WHAT THE EXERCISE ASKS:
Retype the records below exactly as they stand, but with no images.

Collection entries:
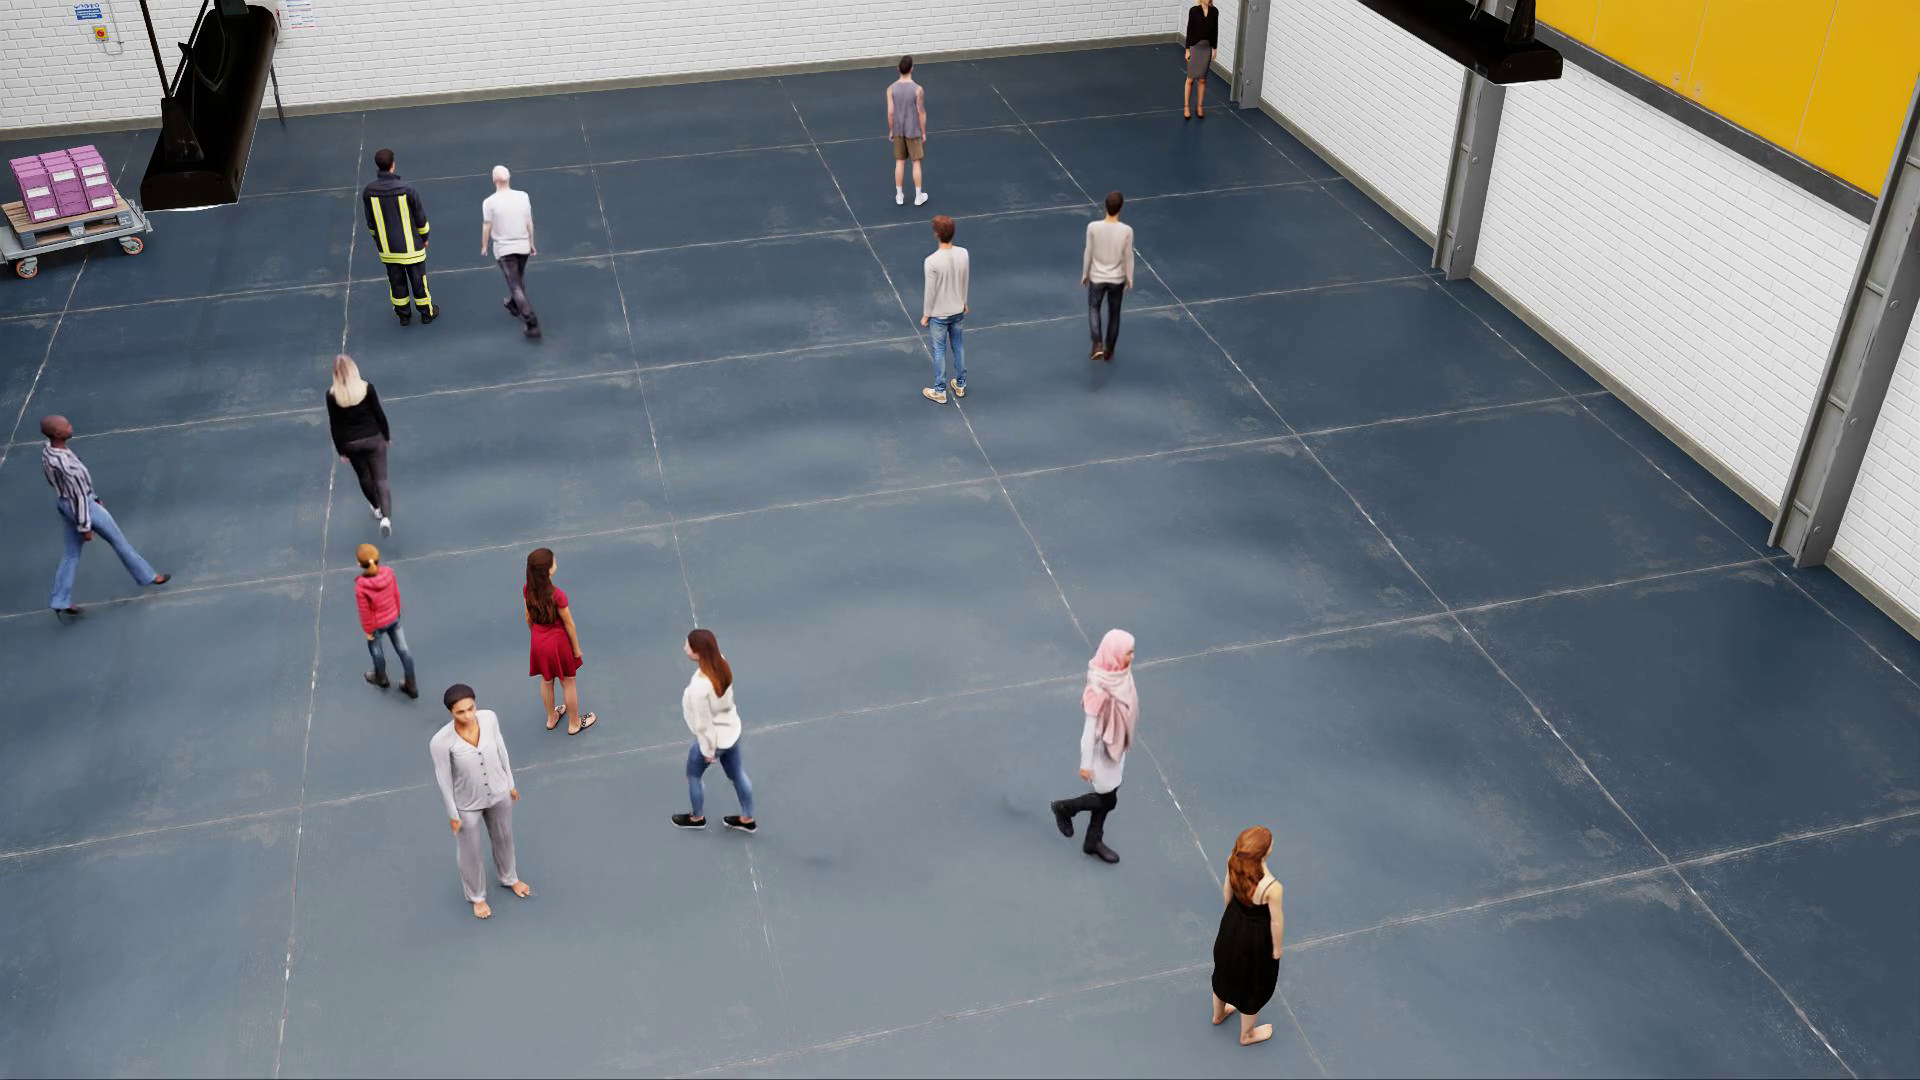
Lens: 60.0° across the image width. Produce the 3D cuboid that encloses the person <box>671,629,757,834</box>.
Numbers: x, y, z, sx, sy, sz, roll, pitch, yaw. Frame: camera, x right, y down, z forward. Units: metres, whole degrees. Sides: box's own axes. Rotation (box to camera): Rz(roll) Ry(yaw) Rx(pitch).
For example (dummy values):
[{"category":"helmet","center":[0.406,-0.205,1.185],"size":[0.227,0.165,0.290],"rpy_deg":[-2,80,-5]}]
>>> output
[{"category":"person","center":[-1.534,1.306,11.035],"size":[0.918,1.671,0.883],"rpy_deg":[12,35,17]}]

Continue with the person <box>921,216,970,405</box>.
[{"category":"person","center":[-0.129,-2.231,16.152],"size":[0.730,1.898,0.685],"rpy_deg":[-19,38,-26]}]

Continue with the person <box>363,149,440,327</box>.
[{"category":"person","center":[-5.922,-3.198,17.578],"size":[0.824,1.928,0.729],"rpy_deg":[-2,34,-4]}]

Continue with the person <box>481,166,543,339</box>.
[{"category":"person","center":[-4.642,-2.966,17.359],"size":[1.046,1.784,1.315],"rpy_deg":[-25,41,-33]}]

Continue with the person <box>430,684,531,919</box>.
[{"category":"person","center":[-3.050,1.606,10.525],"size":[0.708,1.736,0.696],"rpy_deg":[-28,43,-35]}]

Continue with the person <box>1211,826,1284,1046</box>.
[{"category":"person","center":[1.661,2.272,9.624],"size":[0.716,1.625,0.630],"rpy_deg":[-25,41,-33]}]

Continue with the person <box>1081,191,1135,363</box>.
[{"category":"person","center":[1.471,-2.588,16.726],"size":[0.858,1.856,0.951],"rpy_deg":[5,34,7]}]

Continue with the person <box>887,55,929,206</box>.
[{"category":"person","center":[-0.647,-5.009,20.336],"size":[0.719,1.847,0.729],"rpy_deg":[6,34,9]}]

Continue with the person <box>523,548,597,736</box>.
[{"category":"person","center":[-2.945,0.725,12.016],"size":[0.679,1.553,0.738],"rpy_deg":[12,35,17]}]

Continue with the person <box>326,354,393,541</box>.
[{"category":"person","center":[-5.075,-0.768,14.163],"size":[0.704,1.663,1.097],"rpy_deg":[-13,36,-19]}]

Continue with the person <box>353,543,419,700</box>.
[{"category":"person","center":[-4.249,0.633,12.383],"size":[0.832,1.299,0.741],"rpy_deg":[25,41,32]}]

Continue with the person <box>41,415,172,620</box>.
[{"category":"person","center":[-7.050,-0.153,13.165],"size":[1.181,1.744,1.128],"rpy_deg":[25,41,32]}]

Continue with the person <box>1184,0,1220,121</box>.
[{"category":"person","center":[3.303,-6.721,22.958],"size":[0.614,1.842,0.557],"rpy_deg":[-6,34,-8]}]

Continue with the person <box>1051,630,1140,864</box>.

ANSWER FOR THIS EXERCISE:
Lens: 60.0° across the image width. Produce the 3D cuboid that encloses the person <box>671,629,757,834</box>.
Numbers: x, y, z, sx, sy, sz, roll, pitch, yaw. Frame: camera, x right, y down, z forward. Units: metres, whole degrees. Sides: box's own axes. Rotation (box to camera): Rz(roll) Ry(yaw) Rx(pitch).
For example (dummy values):
[{"category":"helmet","center":[0.406,-0.205,1.185],"size":[0.227,0.165,0.290],"rpy_deg":[-2,80,-5]}]
>>> output
[{"category":"person","center":[-1.534,1.306,11.035],"size":[0.918,1.671,0.883],"rpy_deg":[12,35,17]}]

Continue with the person <box>921,216,970,405</box>.
[{"category":"person","center":[-0.129,-2.231,16.152],"size":[0.730,1.898,0.685],"rpy_deg":[-19,38,-26]}]

Continue with the person <box>363,149,440,327</box>.
[{"category":"person","center":[-5.922,-3.198,17.578],"size":[0.824,1.928,0.729],"rpy_deg":[-2,34,-4]}]

Continue with the person <box>481,166,543,339</box>.
[{"category":"person","center":[-4.642,-2.966,17.359],"size":[1.046,1.784,1.315],"rpy_deg":[-25,41,-33]}]

Continue with the person <box>430,684,531,919</box>.
[{"category":"person","center":[-3.050,1.606,10.525],"size":[0.708,1.736,0.696],"rpy_deg":[-28,43,-35]}]

Continue with the person <box>1211,826,1284,1046</box>.
[{"category":"person","center":[1.661,2.272,9.624],"size":[0.716,1.625,0.630],"rpy_deg":[-25,41,-33]}]

Continue with the person <box>1081,191,1135,363</box>.
[{"category":"person","center":[1.471,-2.588,16.726],"size":[0.858,1.856,0.951],"rpy_deg":[5,34,7]}]

Continue with the person <box>887,55,929,206</box>.
[{"category":"person","center":[-0.647,-5.009,20.336],"size":[0.719,1.847,0.729],"rpy_deg":[6,34,9]}]

Continue with the person <box>523,548,597,736</box>.
[{"category":"person","center":[-2.945,0.725,12.016],"size":[0.679,1.553,0.738],"rpy_deg":[12,35,17]}]

Continue with the person <box>326,354,393,541</box>.
[{"category":"person","center":[-5.075,-0.768,14.163],"size":[0.704,1.663,1.097],"rpy_deg":[-13,36,-19]}]

Continue with the person <box>353,543,419,700</box>.
[{"category":"person","center":[-4.249,0.633,12.383],"size":[0.832,1.299,0.741],"rpy_deg":[25,41,32]}]

Continue with the person <box>41,415,172,620</box>.
[{"category":"person","center":[-7.050,-0.153,13.165],"size":[1.181,1.744,1.128],"rpy_deg":[25,41,32]}]

Continue with the person <box>1184,0,1220,121</box>.
[{"category":"person","center":[3.303,-6.721,22.958],"size":[0.614,1.842,0.557],"rpy_deg":[-6,34,-8]}]

Continue with the person <box>1051,630,1140,864</box>.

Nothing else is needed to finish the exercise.